Levensloop
Van Dongen bracht zijn jeugd in Rotterdam door. Al vroeg werd zijn tekentalent ontdekt, maar geld om hem te laten studeren was er niet. Hij moest vanaf zijn veertiende zelf de kost verdienen. Hij volgde wel avondlessen aan de Rotterdamse “Academie van Beeldende Kunsten en Technische Wetenschappen” – de tegenwoordige Willem de Kooning Academie – van 1892 tot 1897, maar die bevielen hem niet. Hij betrok in Rotterdam een kamer boven het atelier van de schilderMartinus Schildt.
In 1897 vertrok hij naar Parijs, waar hij in zijn onderhoud voorzag als huisschilder en als illustrator voor satirische tijdschriften. Op 11 juni 1901 trouwde Van Dongen met Juliana Augusta Preitinger, die hij nog kende van de Rotterdamse Academie. Ze kregen één dochter. In 1906 verhuisde het jonge gezin naar de ‘Bateau-Lavoir’ op rue Ravignan 13, waar het de vriendenkring rond Pablo Picasso en diens toenmalige vriendin Fernande Olivier leerde kennen.

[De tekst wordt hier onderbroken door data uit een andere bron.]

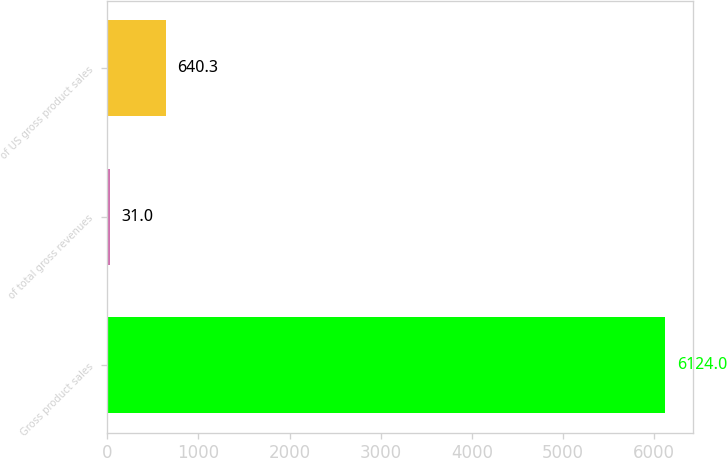Convert chart to OTSL. <chart><loc_0><loc_0><loc_500><loc_500><bar_chart><fcel>Gross product sales<fcel>of total gross revenues<fcel>of US gross product sales<nl><fcel>6124<fcel>31<fcel>640.3<nl></chart>

In 1921 scheidden Van Dongen en Preitinger. In 1953 trouwde hij met Marie-Claire Huguen, met wie hij nog één zoon kreeg. Het heeft Van Dongen niet aan maatschappelijke waardering ontbroken: in 1926 werd hem het Franse Legioen van Eer toegekend en in 1927 de Belgische Kroonorde.
In 1929 werden twee van zijn werken getoond in het Palais du Luxembourg. In hetzelfde jaar verkreeg hij het Franse staatsburgerschap. Toen hij in 1968 in Monte Carlo overleed was hij 91 jaar oud.